| Exercise objective |
Exclude the pictures, then copy word for word the lines running from the beginning of the records through the line with "- cardboard box <box>199,0,306,68</box>".

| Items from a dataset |
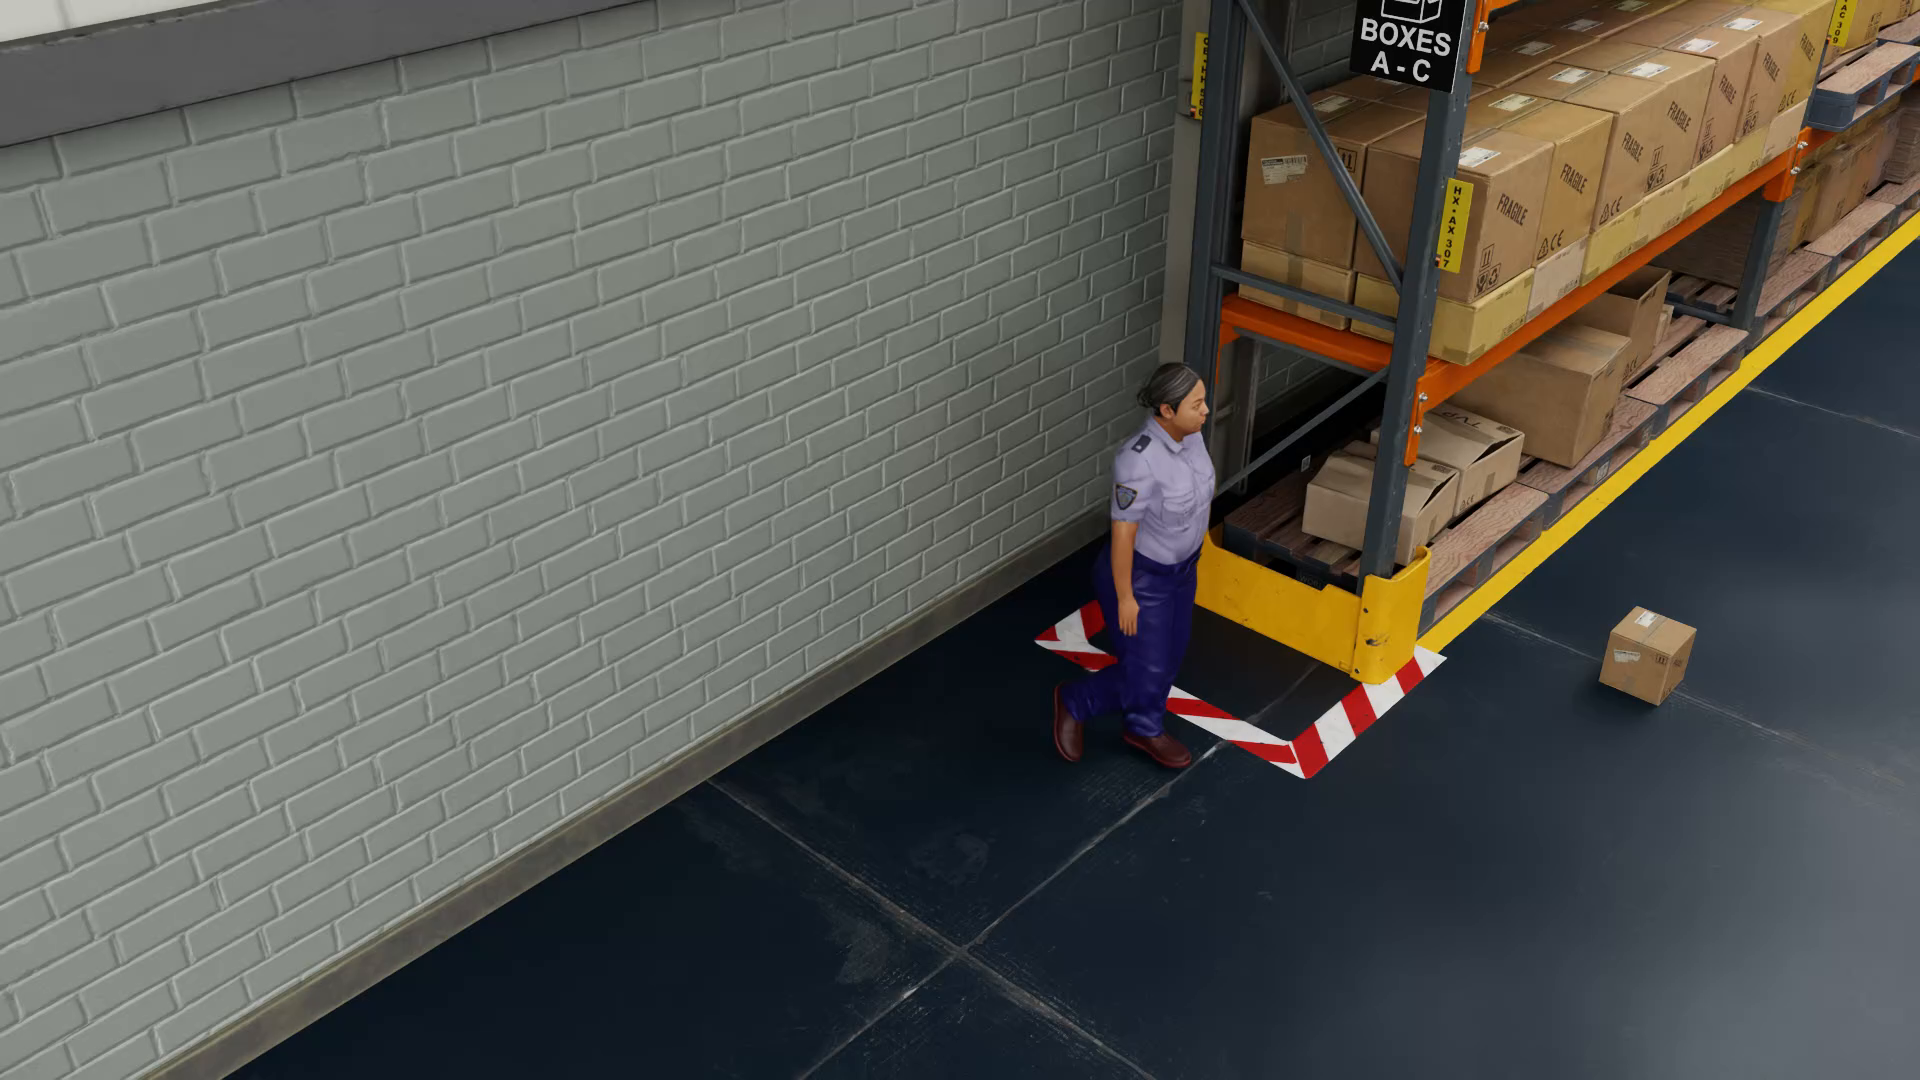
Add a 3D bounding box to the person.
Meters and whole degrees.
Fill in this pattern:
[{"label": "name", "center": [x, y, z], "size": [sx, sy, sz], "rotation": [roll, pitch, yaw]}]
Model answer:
[{"label": "person", "center": [0.629, 0.110, 5.945], "size": [0.514, 1.620, 0.503], "rotation": [20, 37, 29]}]
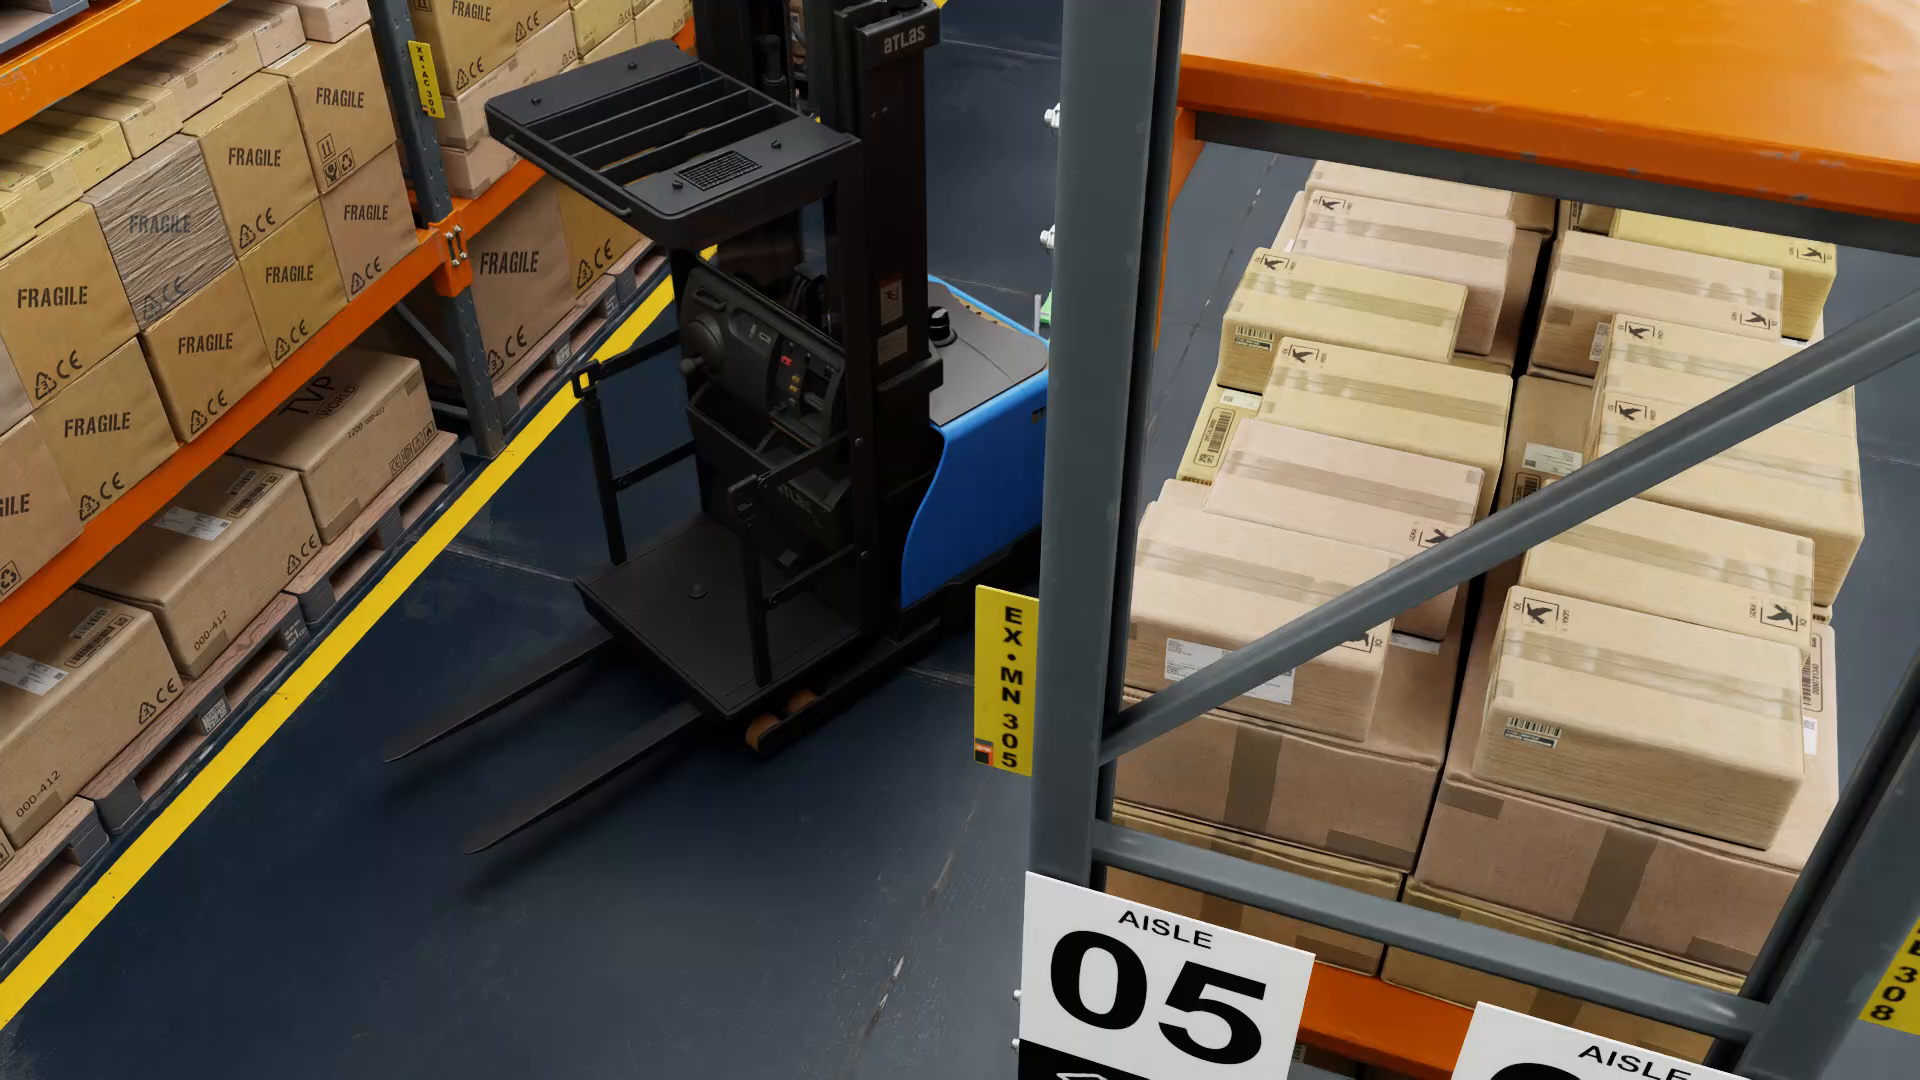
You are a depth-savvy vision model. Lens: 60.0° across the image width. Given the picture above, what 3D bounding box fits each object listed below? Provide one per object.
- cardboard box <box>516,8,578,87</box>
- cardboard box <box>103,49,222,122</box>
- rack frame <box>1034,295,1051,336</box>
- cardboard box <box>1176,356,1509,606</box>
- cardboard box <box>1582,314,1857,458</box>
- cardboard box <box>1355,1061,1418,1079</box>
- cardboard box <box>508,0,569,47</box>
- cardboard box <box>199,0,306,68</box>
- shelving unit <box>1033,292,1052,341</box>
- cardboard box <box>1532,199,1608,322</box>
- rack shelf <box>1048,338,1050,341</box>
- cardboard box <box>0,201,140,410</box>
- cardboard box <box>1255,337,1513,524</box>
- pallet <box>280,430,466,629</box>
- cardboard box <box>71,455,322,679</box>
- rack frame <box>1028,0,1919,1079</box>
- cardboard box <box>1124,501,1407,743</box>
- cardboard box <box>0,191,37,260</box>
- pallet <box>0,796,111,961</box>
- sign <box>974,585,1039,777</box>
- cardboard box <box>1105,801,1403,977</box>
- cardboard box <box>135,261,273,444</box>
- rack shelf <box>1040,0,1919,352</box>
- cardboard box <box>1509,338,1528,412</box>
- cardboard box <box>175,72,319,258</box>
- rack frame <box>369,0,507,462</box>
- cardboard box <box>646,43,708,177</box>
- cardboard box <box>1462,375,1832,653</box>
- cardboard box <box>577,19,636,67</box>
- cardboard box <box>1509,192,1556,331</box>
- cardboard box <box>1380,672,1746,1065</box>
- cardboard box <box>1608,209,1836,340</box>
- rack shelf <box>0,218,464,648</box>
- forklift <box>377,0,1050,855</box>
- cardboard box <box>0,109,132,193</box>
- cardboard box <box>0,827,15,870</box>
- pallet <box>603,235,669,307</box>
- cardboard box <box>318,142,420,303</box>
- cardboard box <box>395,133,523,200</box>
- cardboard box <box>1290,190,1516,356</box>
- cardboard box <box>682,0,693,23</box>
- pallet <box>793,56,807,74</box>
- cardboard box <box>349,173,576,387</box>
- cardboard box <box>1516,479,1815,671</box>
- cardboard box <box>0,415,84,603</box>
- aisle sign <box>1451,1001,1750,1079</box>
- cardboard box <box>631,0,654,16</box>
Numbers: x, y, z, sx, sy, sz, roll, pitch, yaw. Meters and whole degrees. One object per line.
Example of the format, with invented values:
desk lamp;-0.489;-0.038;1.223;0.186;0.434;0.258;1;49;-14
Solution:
cardboard box;-2.169;-2.335;7.860;0.500;0.250;0.500;14;42;16
cardboard box;-2.899;-1.634;5.960;0.380;0.149;0.250;13;42;15
rack frame;0.436;-0.558;7.433;0.240;1.200;0.015;13;42;15
cardboard box;0.674;-0.119;2.952;0.500;0.250;0.500;12;42;14
cardboard box;1.256;-0.217;2.759;0.380;0.149;0.250;14;42;16
cardboard box;0.985;1.058;3.076;0.500;0.500;0.500;13;42;15
cardboard box;-2.168;-2.611;7.606;0.500;0.500;0.500;13;42;15
cardboard box;-2.735;-1.942;6.322;0.380;0.149;0.250;14;43;16
shelving unit;0.519;-0.706;7.607;0.258;1.200;0.503;13;42;15
cardboard box;1.509;-0.613;3.530;0.500;0.250;0.500;12;42;13
rack shelf;0.519;-0.840;7.493;0.258;0.148;0.480;13;42;15
cardboard box;-3.164;-0.817;5.503;0.500;0.500;0.500;13;42;15
cardboard box;0.683;-0.175;2.709;0.380;0.149;0.250;12;42;14
pallet;-3.070;-0.165;7.734;1.003;0.211;1.213;13;42;15
cardboard box;-3.358;0.048;6.987;0.875;0.438;0.875;12;42;14
rack frame;0.582;-0.478;1.330;1.000;3.000;0.127;13;42;15
cardboard box;0.419;0.111;2.375;0.380;0.149;0.250;13;42;15
cardboard box;-3.153;-0.989;5.205;0.380;0.149;0.250;12;42;14
pallet;-3.904;1.323;5.990;1.003;0.211;1.213;13;42;15
sign;0.067;0.191;2.175;0.100;0.325;0.005;13;42;15
cardboard box;0.489;0.384;2.746;0.500;0.250;0.500;12;42;14
cardboard box;-2.984;-0.746;6.189;0.500;0.500;0.500;13;42;14
rack shelf;1.266;-1.422;2.994;1.077;0.370;4.000;13;42;15
cardboard box;1.324;-0.134;3.354;0.500;0.250;0.500;12;42;14
cardboard box;-2.820;-1.434;6.226;0.500;0.500;0.500;13;42;14
rack frame;-2.737;-1.672;7.352;1.000;3.000;0.127;13;42;15
cardboard box;-1.992;-2.517;9.656;0.875;0.875;0.875;14;42;16
cardboard box;1.154;0.002;2.810;0.500;0.250;0.500;13;42;15
cardboard box;-1.972;-2.450;8.379;0.500;0.250;0.500;13;42;15
cardboard box;1.035;-0.736;3.675;0.500;0.250;0.500;12;42;13
cardboard box;0.976;0.504;2.607;0.500;0.250;0.500;15;43;17
cardboard box;1.424;-0.538;3.135;0.380;0.149;0.250;15;43;16
rack shelf;-3.420;-0.179;6.156;1.077;0.370;4.000;13;42;15
forklift;-0.912;-0.635;6.190;3.031;2.935;1.130;-31;49;-31
cardboard box;-3.039;-1.313;5.584;0.380;0.149;0.250;12;42;14
cardboard box;-3.973;1.158;5.686;0.875;0.438;0.875;12;42;14
pallet;-2.128;-1.845;9.704;1.003;0.211;1.213;13;42;15
cardboard box;-2.655;-1.370;6.922;0.500;0.500;0.500;14;42;15
cardboard box;-2.338;-1.825;7.647;0.500;0.250;0.500;12;42;14
cardboard box;0.815;-0.501;3.092;0.380;0.149;0.250;12;42;14
cardboard box;-1.645;-3.070;9.106;0.500;0.250;0.500;13;42;15
pallet;-1.100;-3.527;11.675;1.003;0.211;1.213;13;42;15
cardboard box;-2.600;-1.419;8.370;0.875;0.875;0.875;15;43;16
cardboard box;1.010;0.080;2.411;0.380;0.149;0.250;15;43;17
cardboard box;-3.333;-0.120;5.457;0.500;0.500;0.500;13;42;15
aisle sign;0.839;0.927;2.303;0.394;0.787;0.004;13;42;15
cardboard box;-1.801;-2.946;8.576;0.500;0.250;0.500;12;42;14

| Solution to this task |
Add a 3D bounding box to the person.
Meters and whole degrees.
Fill in this pattern:
[{"label": "name", "center": [x, y, z], "size": [sx, sy, sz], "rotation": [roll, pitch, yaw]}]
Model answer:
[{"label": "person", "center": [0.629, 0.110, 5.945], "size": [0.514, 1.620, 0.503], "rotation": [20, 37, 29]}]
You are a depth-savvy vision model. Lens: 60.0° across the image width. Given the picture above, what 3D bounding box fits each object listed below? Provide one per object.
- cardboard box <box>516,8,578,87</box>
- cardboard box <box>103,49,222,122</box>
- rack frame <box>1034,295,1051,336</box>
- cardboard box <box>1176,356,1509,606</box>
- cardboard box <box>1582,314,1857,458</box>
- cardboard box <box>1355,1061,1418,1079</box>
- cardboard box <box>508,0,569,47</box>
- cardboard box <box>199,0,306,68</box>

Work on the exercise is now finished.